Leaving out the pictures, output each record exactly as it stands.

(RAW DATA)

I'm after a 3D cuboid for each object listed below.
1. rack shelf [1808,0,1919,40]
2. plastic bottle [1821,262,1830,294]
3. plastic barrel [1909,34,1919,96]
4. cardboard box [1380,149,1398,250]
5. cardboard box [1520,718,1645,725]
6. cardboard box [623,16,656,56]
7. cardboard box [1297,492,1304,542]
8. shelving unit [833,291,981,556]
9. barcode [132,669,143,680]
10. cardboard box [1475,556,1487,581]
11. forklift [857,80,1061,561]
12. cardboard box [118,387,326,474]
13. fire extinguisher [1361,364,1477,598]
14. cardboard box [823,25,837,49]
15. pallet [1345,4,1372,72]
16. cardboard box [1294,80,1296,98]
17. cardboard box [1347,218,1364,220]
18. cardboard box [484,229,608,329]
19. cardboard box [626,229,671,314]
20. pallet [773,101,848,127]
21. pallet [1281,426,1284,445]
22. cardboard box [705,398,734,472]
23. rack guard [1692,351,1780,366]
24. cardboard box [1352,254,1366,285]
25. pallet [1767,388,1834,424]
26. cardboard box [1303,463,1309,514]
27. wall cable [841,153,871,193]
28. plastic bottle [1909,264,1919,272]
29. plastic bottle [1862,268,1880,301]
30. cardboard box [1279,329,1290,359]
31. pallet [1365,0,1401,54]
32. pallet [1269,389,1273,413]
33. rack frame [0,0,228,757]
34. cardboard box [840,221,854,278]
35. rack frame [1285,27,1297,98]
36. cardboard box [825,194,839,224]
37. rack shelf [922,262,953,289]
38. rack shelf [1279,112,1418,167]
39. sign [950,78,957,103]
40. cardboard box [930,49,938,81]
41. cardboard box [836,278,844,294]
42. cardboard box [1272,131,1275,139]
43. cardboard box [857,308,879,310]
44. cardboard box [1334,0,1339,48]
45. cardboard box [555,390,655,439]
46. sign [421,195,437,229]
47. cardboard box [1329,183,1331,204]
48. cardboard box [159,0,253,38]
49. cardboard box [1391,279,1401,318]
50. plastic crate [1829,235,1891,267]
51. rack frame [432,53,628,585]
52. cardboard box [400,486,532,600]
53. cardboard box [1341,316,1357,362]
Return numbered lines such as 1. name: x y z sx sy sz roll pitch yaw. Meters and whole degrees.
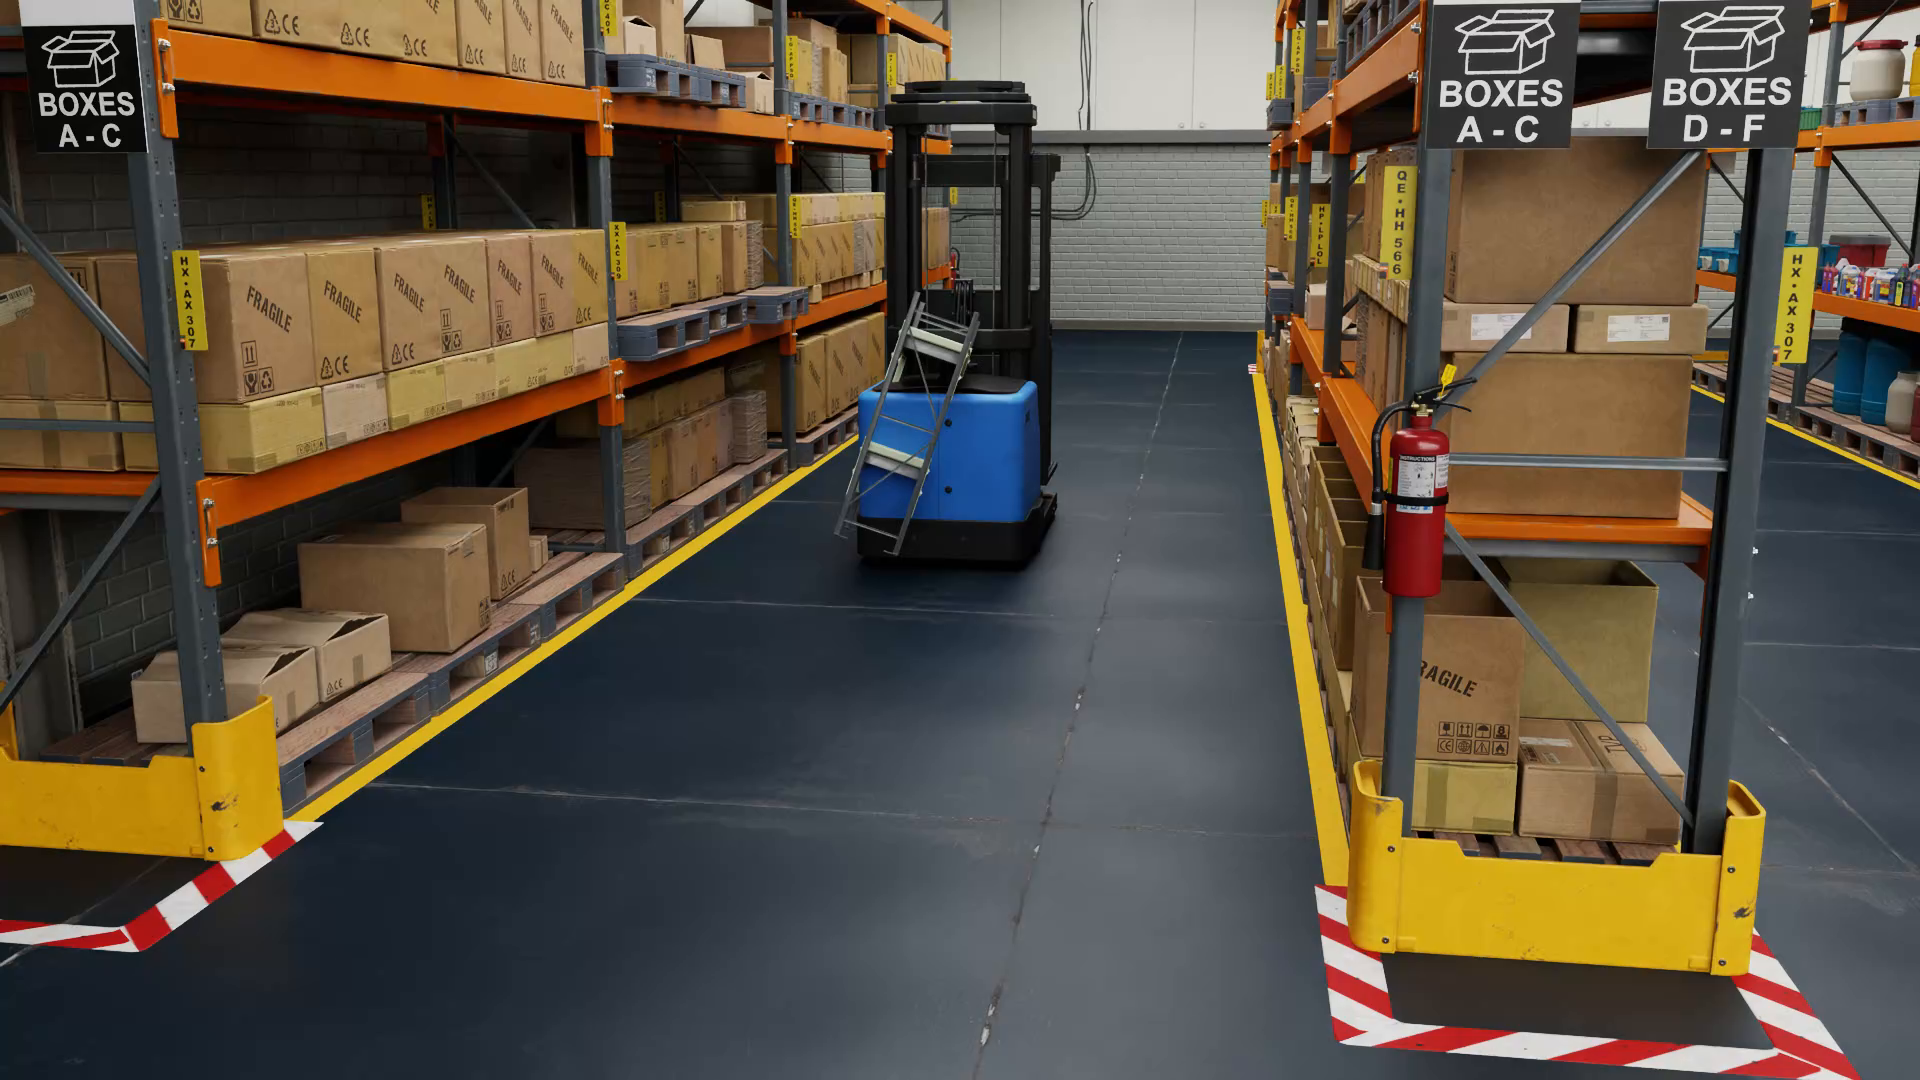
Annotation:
1. rack shelf: 8.866 -5.362 17.172 1.077 0.370 4.000 2 12 9
2. plastic bottle: 8.080 -2.441 15.476 0.061 0.283 0.133 2 12 9
3. plastic barrel: 8.618 -4.127 14.462 0.600 0.588 0.600 0 12 0
4. cardboard box: 2.218 -1.437 7.226 0.700 0.500 0.500 2 12 9
5. cardboard box: 2.194 0.707 6.125 0.500 0.250 0.500 2 12 9
6. cardboard box: -2.204 -3.084 10.276 0.500 0.311 0.500 2 12 10
7. cardboard box: 2.291 -0.118 9.953 0.500 0.250 0.500 2 12 8
8. shelving unit: -0.308 -0.700 10.107 0.431 1.500 0.755 19 4 0
9. barcode: -3.274 0.554 6.621 0.001 0.075 0.075 2 12 9
10. cardboard box: 2.260 0.236 6.530 0.500 0.500 0.500 2 12 9
11. forklift: 0.092 -1.564 11.294 1.130 2.935 3.031 2 12 8
12. cardboard box: -2.688 -0.411 6.090 0.500 0.250 0.500 2 12 7
13. fire extinguisher: 1.341 -0.176 4.875 0.296 0.674 0.183 2 12 9
14. cardboard box: -1.496 -4.799 15.961 0.500 0.250 0.500 3 12 13
15. pallet: 2.328 -2.301 7.640 1.003 0.211 1.213 2 12 9
16. cardboard box: 3.471 -4.469 16.660 0.500 0.250 0.500 2 12 9
17. cardboard box: 3.364 -2.462 14.064 0.700 0.500 0.500 4 13 19
18. cardboard box: -2.229 -1.411 8.948 0.500 0.500 0.500 2 12 9
19. cardboard box: -2.257 -1.701 10.484 0.700 0.500 0.500 3 13 14
20. pallet: -1.631 -3.791 14.794 1.003 0.211 1.213 2 12 11
21. pallet: 3.391 -0.933 14.823 1.003 0.211 1.213 2 12 9
22. cardboard box: -2.100 -0.787 12.413 0.700 0.500 0.500 2 12 9
23. rack guard: 9.164 -2.177 19.906 1.175 0.500 0.348 2 12 9
24. cardboard box: 2.201 -1.373 8.466 0.380 0.149 0.250 2 12 9
25. pallet: 8.633 -1.352 16.764 1.003 0.211 1.213 2 12 9
26. cardboard box: 2.213 -0.285 9.396 0.500 0.311 0.500 2 12 9
27. wall cable: -1.354 -4.508 22.379 0.084 1.984 1.851 2 12 9
28. plastic bottle: 8.817 -2.407 15.338 0.152 0.276 0.135 2 12 9
29. plastic bottle: 7.968 -2.223 14.483 0.152 0.276 0.135 2 12 9
30. cardboard box: 3.195 -1.780 15.244 0.500 0.250 0.500 2 12 9
31. pallet: 2.138 -2.048 6.465 1.003 0.211 1.213 2 12 9
32. pallet: 3.771 -1.501 17.459 1.003 0.211 1.213 2 12 9
33. rack frame: -3.077 -0.383 5.652 1.000 3.000 0.127 2 12 9
34. cardboard box: -1.279 -2.666 15.254 0.500 0.500 0.500 2 12 10
35. rack frame: 3.664 -5.654 15.870 1.000 3.000 0.127 2 12 9
36. cardboard box: -1.367 -2.922 14.659 0.500 0.250 0.500 2 12 9
37. rack shelf: -0.924 -2.946 19.251 1.077 0.370 4.000 2 12 9
38. rack shelf: 3.356 -3.420 14.330 1.077 0.370 4.000 2 12 9
39. sign: -0.082 -5.554 20.611 0.100 0.325 0.005 2 12 9
40. cardboard box: -0.547 -5.463 19.443 0.500 0.500 0.500 2 12 10
41. cardboard box: -1.294 -2.371 15.423 0.380 0.149 0.250 2 12 10
42. cardboard box: 3.859 -4.745 19.127 0.500 0.250 0.500 2 12 9
43. cardboard box: -0.997 -2.634 19.493 0.380 0.149 0.250 2 12 9
44. cardboard box: 3.122 -3.984 12.627 0.500 0.500 0.500 2 12 9
45. cardboard box: -2.301 -0.821 10.793 0.500 0.250 0.500 2 12 7
46. sign: -3.011 -1.799 9.474 0.100 0.325 0.005 2 12 9
47. cardboard box: 4.093 -3.456 17.298 0.500 0.500 0.500 1 12 7
48. cardboard box: -2.778 -1.970 5.609 0.500 0.500 0.500 2 12 10
49. cardboard box: 1.887 -0.945 6.481 0.380 0.149 0.250 2 12 10
50. plastic crate: 8.943 -2.799 16.566 0.402 0.464 0.583 2 12 9
51. rack frame: -2.462 -1.216 9.516 1.000 3.000 0.127 2 12 9
52. cardboard box: -2.582 0.008 8.725 0.500 0.500 0.500 1 12 4
53. cardboard box: 2.387 -1.180 9.666 0.396 0.266 0.258 2 12 7

(End RAW DATA)

• WRITTEN ANSWER:
I'm after a 3D cuboid for each object listed below.
1. rack shelf [1808,0,1919,40]
2. plastic bottle [1821,262,1830,294]
3. plastic barrel [1909,34,1919,96]
4. cardboard box [1380,149,1398,250]
5. cardboard box [1520,718,1645,725]
6. cardboard box [623,16,656,56]
7. cardboard box [1297,492,1304,542]
8. shelving unit [833,291,981,556]
9. barcode [132,669,143,680]
10. cardboard box [1475,556,1487,581]
11. forklift [857,80,1061,561]
12. cardboard box [118,387,326,474]
13. fire extinguisher [1361,364,1477,598]
14. cardboard box [823,25,837,49]
15. pallet [1345,4,1372,72]
16. cardboard box [1294,80,1296,98]
17. cardboard box [1347,218,1364,220]
18. cardboard box [484,229,608,329]
19. cardboard box [626,229,671,314]
20. pallet [773,101,848,127]
21. pallet [1281,426,1284,445]
22. cardboard box [705,398,734,472]
23. rack guard [1692,351,1780,366]
24. cardboard box [1352,254,1366,285]
25. pallet [1767,388,1834,424]
26. cardboard box [1303,463,1309,514]
27. wall cable [841,153,871,193]
28. plastic bottle [1909,264,1919,272]
29. plastic bottle [1862,268,1880,301]
30. cardboard box [1279,329,1290,359]
31. pallet [1365,0,1401,54]
32. pallet [1269,389,1273,413]
33. rack frame [0,0,228,757]
34. cardboard box [840,221,854,278]
35. rack frame [1285,27,1297,98]
36. cardboard box [825,194,839,224]
37. rack shelf [922,262,953,289]
38. rack shelf [1279,112,1418,167]
39. sign [950,78,957,103]
40. cardboard box [930,49,938,81]
41. cardboard box [836,278,844,294]
42. cardboard box [1272,131,1275,139]
43. cardboard box [857,308,879,310]
44. cardboard box [1334,0,1339,48]
45. cardboard box [555,390,655,439]
46. sign [421,195,437,229]
47. cardboard box [1329,183,1331,204]
48. cardboard box [159,0,253,38]
49. cardboard box [1391,279,1401,318]
50. plastic crate [1829,235,1891,267]
51. rack frame [432,53,628,585]
52. cardboard box [400,486,532,600]
53. cardboard box [1341,316,1357,362]
Return numbered lines such as 1. name: x y z sx sy sz roll pitch yaw. Meters and whole degrees.
Annotation:
1. rack shelf: 8.866 -5.362 17.172 1.077 0.370 4.000 2 12 9
2. plastic bottle: 8.080 -2.441 15.476 0.061 0.283 0.133 2 12 9
3. plastic barrel: 8.618 -4.127 14.462 0.600 0.588 0.600 0 12 0
4. cardboard box: 2.218 -1.437 7.226 0.700 0.500 0.500 2 12 9
5. cardboard box: 2.194 0.707 6.125 0.500 0.250 0.500 2 12 9
6. cardboard box: -2.204 -3.084 10.276 0.500 0.311 0.500 2 12 10
7. cardboard box: 2.291 -0.118 9.953 0.500 0.250 0.500 2 12 8
8. shelving unit: -0.308 -0.700 10.107 0.431 1.500 0.755 19 4 0
9. barcode: -3.274 0.554 6.621 0.001 0.075 0.075 2 12 9
10. cardboard box: 2.260 0.236 6.530 0.500 0.500 0.500 2 12 9
11. forklift: 0.092 -1.564 11.294 1.130 2.935 3.031 2 12 8
12. cardboard box: -2.688 -0.411 6.090 0.500 0.250 0.500 2 12 7
13. fire extinguisher: 1.341 -0.176 4.875 0.296 0.674 0.183 2 12 9
14. cardboard box: -1.496 -4.799 15.961 0.500 0.250 0.500 3 12 13
15. pallet: 2.328 -2.301 7.640 1.003 0.211 1.213 2 12 9
16. cardboard box: 3.471 -4.469 16.660 0.500 0.250 0.500 2 12 9
17. cardboard box: 3.364 -2.462 14.064 0.700 0.500 0.500 4 13 19
18. cardboard box: -2.229 -1.411 8.948 0.500 0.500 0.500 2 12 9
19. cardboard box: -2.257 -1.701 10.484 0.700 0.500 0.500 3 13 14
20. pallet: -1.631 -3.791 14.794 1.003 0.211 1.213 2 12 11
21. pallet: 3.391 -0.933 14.823 1.003 0.211 1.213 2 12 9
22. cardboard box: -2.100 -0.787 12.413 0.700 0.500 0.500 2 12 9
23. rack guard: 9.164 -2.177 19.906 1.175 0.500 0.348 2 12 9
24. cardboard box: 2.201 -1.373 8.466 0.380 0.149 0.250 2 12 9
25. pallet: 8.633 -1.352 16.764 1.003 0.211 1.213 2 12 9
26. cardboard box: 2.213 -0.285 9.396 0.500 0.311 0.500 2 12 9
27. wall cable: -1.354 -4.508 22.379 0.084 1.984 1.851 2 12 9
28. plastic bottle: 8.817 -2.407 15.338 0.152 0.276 0.135 2 12 9
29. plastic bottle: 7.968 -2.223 14.483 0.152 0.276 0.135 2 12 9
30. cardboard box: 3.195 -1.780 15.244 0.500 0.250 0.500 2 12 9
31. pallet: 2.138 -2.048 6.465 1.003 0.211 1.213 2 12 9
32. pallet: 3.771 -1.501 17.459 1.003 0.211 1.213 2 12 9
33. rack frame: -3.077 -0.383 5.652 1.000 3.000 0.127 2 12 9
34. cardboard box: -1.279 -2.666 15.254 0.500 0.500 0.500 2 12 10
35. rack frame: 3.664 -5.654 15.870 1.000 3.000 0.127 2 12 9
36. cardboard box: -1.367 -2.922 14.659 0.500 0.250 0.500 2 12 9
37. rack shelf: -0.924 -2.946 19.251 1.077 0.370 4.000 2 12 9
38. rack shelf: 3.356 -3.420 14.330 1.077 0.370 4.000 2 12 9
39. sign: -0.082 -5.554 20.611 0.100 0.325 0.005 2 12 9
40. cardboard box: -0.547 -5.463 19.443 0.500 0.500 0.500 2 12 10
41. cardboard box: -1.294 -2.371 15.423 0.380 0.149 0.250 2 12 10
42. cardboard box: 3.859 -4.745 19.127 0.500 0.250 0.500 2 12 9
43. cardboard box: -0.997 -2.634 19.493 0.380 0.149 0.250 2 12 9
44. cardboard box: 3.122 -3.984 12.627 0.500 0.500 0.500 2 12 9
45. cardboard box: -2.301 -0.821 10.793 0.500 0.250 0.500 2 12 7
46. sign: -3.011 -1.799 9.474 0.100 0.325 0.005 2 12 9
47. cardboard box: 4.093 -3.456 17.298 0.500 0.500 0.500 1 12 7
48. cardboard box: -2.778 -1.970 5.609 0.500 0.500 0.500 2 12 10
49. cardboard box: 1.887 -0.945 6.481 0.380 0.149 0.250 2 12 10
50. plastic crate: 8.943 -2.799 16.566 0.402 0.464 0.583 2 12 9
51. rack frame: -2.462 -1.216 9.516 1.000 3.000 0.127 2 12 9
52. cardboard box: -2.582 0.008 8.725 0.500 0.500 0.500 1 12 4
53. cardboard box: 2.387 -1.180 9.666 0.396 0.266 0.258 2 12 7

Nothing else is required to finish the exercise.